BY: ORANGECHAIR
The summer I graduated from college, so two summers ago, I went on somewhat of a video game binge. Within a couple of days of one another I purchased Dead Space, Dead Space 2, Bioshock and Bioshock 2. Then I promptly beat them all. While both of those franchises are great, I cannot remember the last time I had as much fun as I did playing Bioshock. When I beat Bioshock 2 three things happened. 1) The credits rolled…because that’s what happens when you beat a video game. 2) Bioshock became one of my favorite video game franchises. 3) I began to count down to the release of Bioshock Infinite. Well, the third installment in the Bioshock series hit stores. Since then I have bought and beaten it and the game lived up to everyone of my wildest expectations.
Bioshock Infinite takes us out of the underwater metropolis of Rapture and brings us to Colombia, the city floating in the sky. You play as Booker DeWitt, a man who owes some very dangerous people a debt. As the game opens the words “deliver the girl and your debt is paid” ring in your ears. Booker makes his way to Colombia, a gorgeous, sprawling city floating high above the clouds, where he must search for the girl in question: Elizabeth. Everything starts fine until the people of Colombia notice a tattoo on Booker’s hand and label him the false prophet. Booker must fight his way through the city and find Elizabeth. Escaping from her guardian, the Songbird, Booker and Elizabeth try to escape the city together while the city’s leader Zachary Comstock tries to get Elizabeth back. Fighting through a rebellion, discovering secrets about the city, traveling to other worlds using Elizabeth’s unique powers and uncovering Booker’s past all leads to a mind-blowing ending worthy of the Bioshock franchise.
The game play in Bioshock Infinite is absolutely outstanding. The game play, just like the entire game, is very similar yet also very different from the first two games. While in the first two games guns and weapons were rare to get and ammo needed to be conserved, Infinite’s world features a large selection of weapons and much more plentiful amounts of ammo. Plasmids are still around, though in Colombia they are called Vigors, but there is not quite as large of a variety as in the first two games. Also Atom, the currency harvested from Little Sisters used to buy Plasmids, is non-existent. Instead weapons and Vigors are bought with coins and upgraded with coins. Other than these few differences the game play is very similar. You travel through Colombia while fighting a mix of gun wielding men and women as well as monsters and machines. The best addition to the game was the sky rails, loops of rails that wind through the city. Booker has the ability to use his melee weapon to attach to the rails, flying through the sky during battles while raining bullets down on his enemies.
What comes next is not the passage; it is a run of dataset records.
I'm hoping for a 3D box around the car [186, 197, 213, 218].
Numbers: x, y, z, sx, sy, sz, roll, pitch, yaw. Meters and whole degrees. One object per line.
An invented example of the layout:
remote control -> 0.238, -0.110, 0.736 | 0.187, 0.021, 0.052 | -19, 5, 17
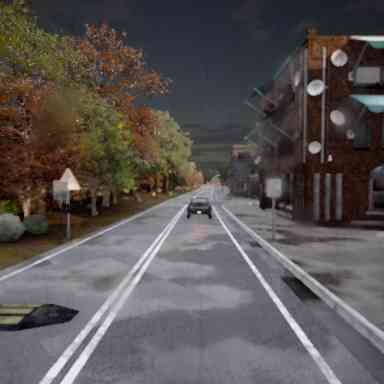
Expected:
car -> 0.595, 1.205, 26.683 | 1.837, 1.490, 4.892 | 0, 1, 1
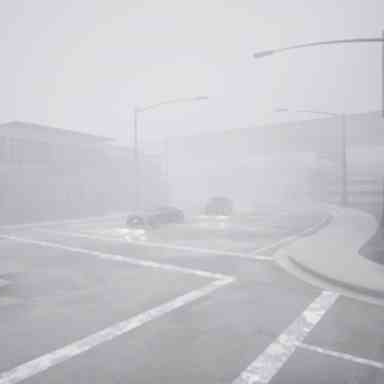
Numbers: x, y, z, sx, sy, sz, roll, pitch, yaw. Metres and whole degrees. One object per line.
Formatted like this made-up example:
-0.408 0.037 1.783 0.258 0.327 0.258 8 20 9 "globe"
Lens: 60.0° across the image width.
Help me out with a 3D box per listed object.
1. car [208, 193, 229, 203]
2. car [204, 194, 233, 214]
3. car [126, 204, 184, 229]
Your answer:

One of the things I really appreciated was that the game was not a protection game. Though Elizabeth was with Booker for almost the entire game, the player was not responsible for making sure she did not take damage. Elizabeth can take care of herself. In fact rather than getting in Booker’s way, Elizabeth becomes an asset finding health, ammo and Salts (which replenish Vigors) for Booker when he needs them. When the enemies get the best of Booker, Elizabeth revives him with a syringe much like a Little Sister to a Big Daddy. There are no Big Daddies or Little Sisters in Colombia. Instead Big Daddies are replaced by Handymen, monstrous creatures that are as hard to destroy as a Big Daddy. Though there are no Little Sisters or Big Daddies, the relationship between Booker and Elizabeth is identical to that of a Big Daddy and Little Sister. As the mind-blowing end of the game unfolds and some familiar elements from the previous two games emerge I began to wonder if Booker and Elizabeth may be somehow related to Big Daddies and Little Sisters. Maybe they’re the first ones? Or the last ones? Or maybe something even more important.
It takes a while to get used to being in Colombia as opposed to Rapture. While Rapture was always dark, gritty and brutally violent, Colombia by all appearances is beautiful, sprawling and an almost comforting place. Once the action starts though, the grit and violence settles in, reminding us that the worlds of Bioshcok are terrifying. This game was a a masterpiece, an A grade from Orangechair. While it is being said that this is the last of the Bioshcoks series, and a very fitting end it would be, I hope that this is not the last time Bioshock blows my mind.